- _WHAT IS BEING ASKED_:
What lines in the data hold the string "size"? Show them.

- _DATA SHOWN_:
• • • • • • •

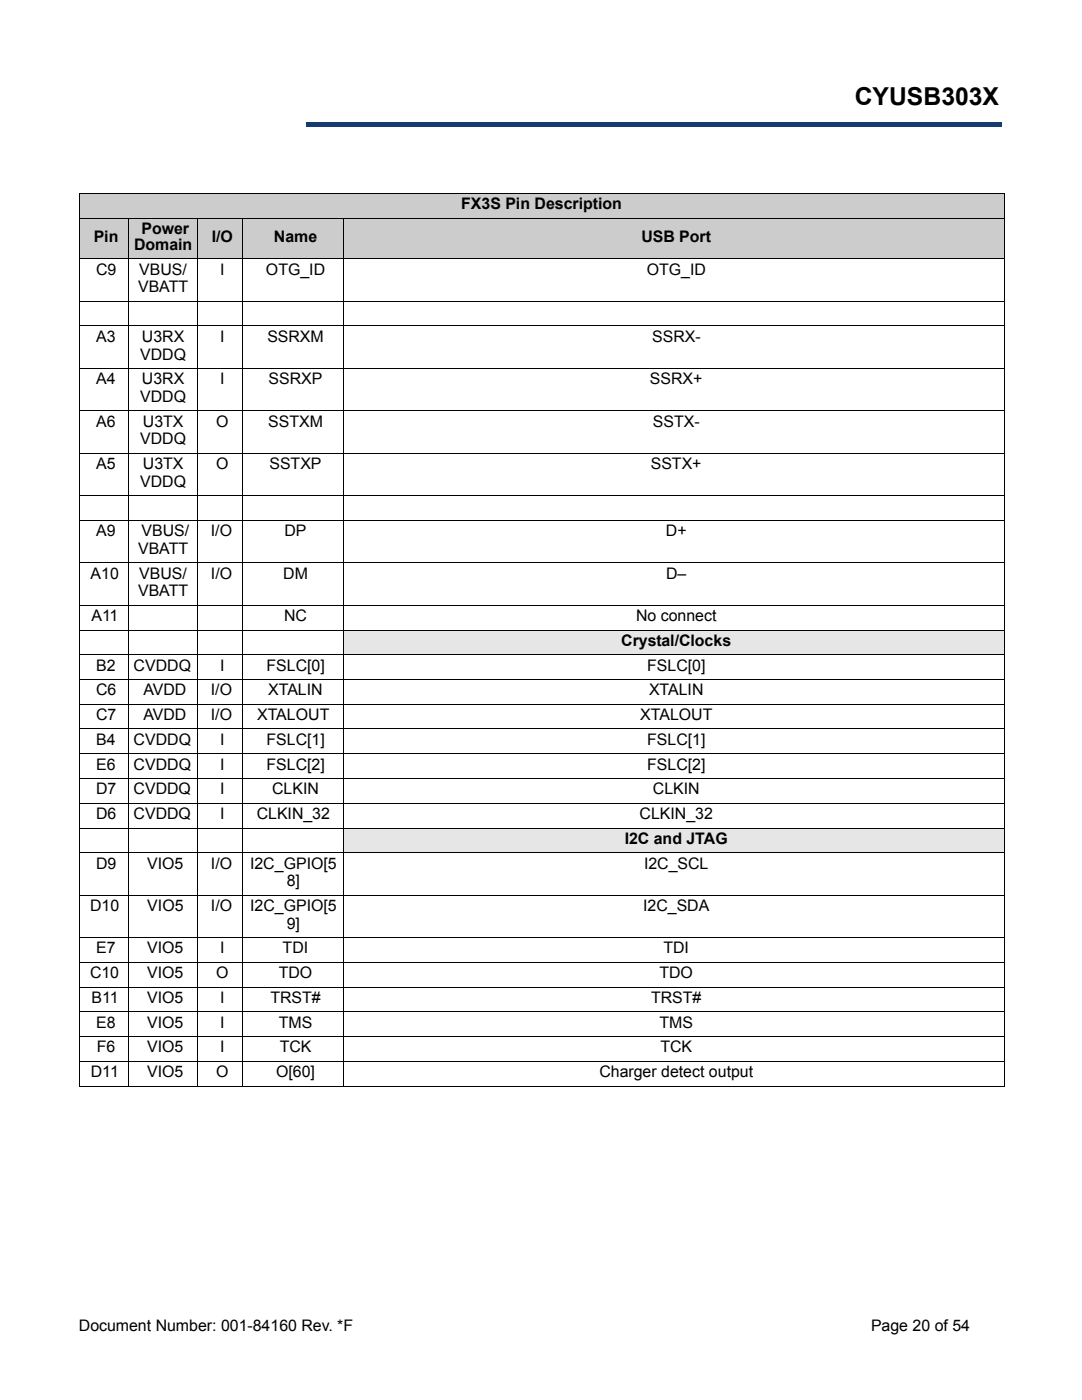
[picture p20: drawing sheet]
<svg xmlns="http://www.w3.org/2000/svg" width="216mm" height="279mm" viewBox="0 0 216 279" stroke-linecap="round" stroke-linejoin="round" font-family="sans-serif">
<defs><g id="words">
<text font-size="4.9" x="170.6" y="20.9">CYUSB303X</text>
<g font-size="3.2">
<text x="92" y="41.8">FX3S Pin Description</text>
<text x="28.2" y="46.7">Power</text>
<text x="18.7" y="48.3">Pin</text>
<text x="26.8" y="49.9">Domain</text>
<text x="42.3" y="48.3">I/O</text>
<text x="54.7" y="48.3">Name</text>
<text x="128" y="48.3">USB Port</text>
<text x="19.2" y="54.8">C9</text>
<text x="27.6" y="58.4">VBATT</text>
<text x="27.8" y="54.8">VBUS/</text>
<text x="43.9" y="54.8">I</text>
<text x="53.1" y="54.8">OTG_ID</text>
<text x="129" y="54.8">OTG_ID</text>
<text x="19.2" y="68.2">A3</text>
<text x="28" y="71.8">VDDQ</text>
<text x="28.3" y="68.2">U3RX</text>
<text x="43.9" y="68.2">I</text>
<text x="53.4" y="68.2">SSRXM</text>
<text x="130.1" y="68.2">SSRX-</text>
<text x="19.2" y="76.7">A4</text>
<text x="28.3" y="76.7">U3RX</text>
<text x="43.9" y="76.7">I</text>
<text x="53.6" y="76.7">SSRXP</text>
<text x="129.7" y="76.7">SSRX+</text>
<text x="28" y="80.2">VDDQ</text>
<text x="19.2" y="85.2">A6</text>
<text x="28" y="88.7">VDDQ</text>
<text x="28.5" y="85.2">U3TX</text>
<text x="43.1" y="85.2">O</text>
<text x="53.5" y="85.2">SSTXM</text>
<text x="130.3" y="85.2">SSTX-</text>
<text x="19.2" y="93.6">A5</text>
<text x="28.5" y="93.6">U3TX</text>
<text x="43.1" y="93.6">O</text>
<text x="53.8" y="93.6">SSTXP</text>
<text x="129.9" y="93.6">SSTX+</text>
<text x="28" y="97.2">VDDQ</text>
<text x="19.2" y="107">A9</text>
<text x="28.2" y="107">VBUS/</text>
<text x="42.1" y="107">I/O</text>
<text x="56.8" y="107">DP</text>
<text x="132.9" y="107">D+</text>
<text x="27.6" y="110.6">VBATT</text>
<text x="18.1" y="115.5">A10</text>
<text x="27.6" y="119">VBATT</text>
<text x="27.8" y="115.5">VBUS/</text>
<text x="42.1" y="115.5">I/O</text>
<text x="56.5" y="115.5">DM</text>
<text x="132.9" y="115.5">D–</text>
<text x="18.2" y="124">A11</text>
<text x="56.7" y="124">NC</text>
<text x="126.9" y="124">No connect</text>
<text x="124" y="128.9">Crystal/Clocks</text>
<text x="19.2" y="133.8">B2</text>
<text x="26.7" y="133.8">CVDDQ</text>
<text x="44" y="133.8">I</text>
<text x="53.2" y="133.8">FSLC[0]</text>
<text x="129.1" y="133.8">FSLC[0]</text>
<text x="19.2" y="138.8">C6</text>
<text x="19.2" y="143.7">C7</text>
<text x="28.6" y="143.7">AVDD</text>
<text x="28.6" y="138.8">AVDD</text>
<text x="42.1" y="143.7">I/O</text>
<text x="42.1" y="138.8">I/O</text>
<text x="51.3" y="143.7">XTALOUT</text>
<text x="53.5" y="138.8">XTALIN</text>
<text x="127.8" y="143.7">XTALOUT</text>
<text x="129.5" y="138.8">XTALIN</text>
<text x="19.2" y="148.7">B4</text>
<text x="26.7" y="148.7">CVDDQ</text>
<text x="44" y="148.7">I</text>
<text x="53.2" y="148.7">FSLC[1]</text>
<text x="129.1" y="148.7">FSLC[1]</text>
<text x="19.2" y="153.6">E6</text>
<text x="26.7" y="153.6">CVDDQ</text>
<text x="44" y="153.6">I</text>
<text x="53.2" y="153.6">FSLC[2]</text>
<text x="129.1" y="153.6">FSLC[2]</text>
<text x="19.2" y="158.5">D7</text>
<text x="26.6" y="158.5">CVDDQ</text>
<text x="43.9" y="158.5">I</text>
<text x="54.3" y="158.5">CLKIN</text>
<text x="130.3" y="158.5">CLKIN</text>
<text x="19.2" y="163.5">D6</text>
<text x="26.6" y="163.5">CVDDQ</text>
<text x="44" y="163.5">I</text>
<text x="51.2" y="163.5">CLKIN_32</text>
<text x="127.6" y="163.5">CLKIN_32</text>
<text x="19.2" y="173.4">D9</text>
<text x="29.4" y="173.4">VIO5</text>
<text x="42.1" y="173.4">I/O</text>
<text x="49.9" y="173.4">I2C_GPIO[5</text>
<text x="124.7" y="168.4">I2C and JTAG</text>
<text x="128.5" y="173.4">I2C_SCL</text>
<text x="57.2" y="176.9">8]</text>
<text x="18" y="181.8">D10</text>
<text x="29.4" y="181.8">VIO5</text>
<text x="42.1" y="181.8">I/O</text>
<text x="49.9" y="181.8">I2C_GPIO[5</text>
<text x="57.2" y="185.4">9]</text>
<text x="128.3" y="181.8">I2C_SDA</text>
<text x="19.2" y="190.3">E7</text>
<text x="29.4" y="190.3">VIO5</text>
<text x="43.9" y="190.3">I</text>
<text x="56.4" y="190.3">TDI</text>
<text x="132.4" y="190.3">TDI</text>
<text x="18" y="195.2">C10</text>
<text x="29.4" y="195.2">VIO5</text>
<text x="43.1" y="195.2">O</text>
<text x="55.6" y="195.2">TDO</text>
<text x="131.6" y="195.2">TDO</text>
<text x="18.2" y="200.2">B11</text>
<text x="29.4" y="200.2">VIO5</text>
<text x="43.9" y="200.2">I</text>
<text x="54" y="200.2">TRST#</text>
<text x="129.9" y="200.2">TRST#</text>
<text x="19.2" y="205.1">E8</text>
<text x="29.4" y="205.1">VIO5</text>
<text x="43.9" y="205.1">I</text>
<text x="55.6" y="205.1">TMS</text>
<text x="131.6" y="205.1">TMS</text>
<text x="18.1" y="215">D11</text>
<text x="19.3" y="210">F6</text>
<text x="29.4" y="210">VIO5</text>
<text x="29.4" y="215">VIO5</text>
<text x="43.1" y="215">O</text>
<text x="43.9" y="210">I</text>
<text x="55.1" y="215">O[60]</text>
<text x="55.8" y="210">TCK</text>
<text x="119.6" y="215">Charger detect output</text>
<text x="131.8" y="210">TCK</text>
<text x="15.7" y="265.6">Document Number: 001-84160 Rev. *F</text>
<text x="173.8" y="265.6">Page 20 of 54</text>
</g>
</g></defs>
<path d="M61 24.4h138.8v.9h-138.8z" fill="#163b71"/>
<path d="M61 24.4h138.9" fill="none" stroke="#163b71" stroke-width=".2"/>
<path d="M199.7 24.4h.2v1h-.2z" fill="#163b71"/>
<path d="M61 25.3h138.8" fill="none" stroke="#163b71" stroke-width=".2"/>
<path d="M61 24.3h.1v1h-.1z" fill="#163b71"/>
<path d="M15.8 8.6h45.2v18h-45.2z" fill="#fff"/>
<g fill="#ccc">
<path d="M15.8 38.6h184.6v4.9h-184.6z"/>
<path d="M15.8 43.5h9.9v8.1h-9.9z"/>
<path d="M25.7 43.5h13.8v8.1h-13.8z"/>
<path d="M39.5 43.5h8.9v8.1h-8.9z"/>
<path d="M48.4 43.5h20.2v8.1h-20.2z"/>
<path d="M68.6 43.5h131.8v8.1h-131.8z"/>
</g>
<g fill="#e6e6e6">
<path d="M68.6 125.7h131.8v5h-131.8z"/>
<path d="M68.6 165.2h131.8v5h-131.8z"/>
</g>
<g fill="none" stroke="#000" stroke-width=".2">
<path d="M15.7 38.6h184.7M15.8 38.7v178M200.4 38.7v178M15.7 43.5h184.7M15.7 51.6h184.7M25.7 43.4v173.4M39.5 43.4v173.4M48.4 43.4v173.4M68.6 43.4v173.4M15.7 60.1h184.7M15.7 65h184.7M15.7 73.5h184.7"/>
<path d="M15.7 82h184.7M15.7 90.4h184.7M15.7 98.9h184.7M15.7 103.9h184.7M15.7 112.3h184.7M15.7 120.8h184.7M15.7 125.7h184.7M15.7 130.7h184.7M15.7 135.6h184.7M15.7 140.5h184.7M15.7 145.5h184.7M15.7 150.4h184.7"/>
<path d="M15.7 155.4h184.7M15.7 160.3h184.7M15.7 165.2h184.7M15.7 170.2h184.7M15.7 178.6h184.7M15.7 187.1h184.7M15.7 192h184.7M15.7 197h184.7M15.7 201.9h184.7M15.7 206.9h184.7M15.7 211.8h184.7M15.7 216.7h184.7"/>
</g>
<use href="#words"/>
</svg>

• • • • • • •

- _ANSWER SECTION_:
<text font-size="4.9" x="170.6" y="20.9">CYUSB303X</text>
<g font-size="3.2">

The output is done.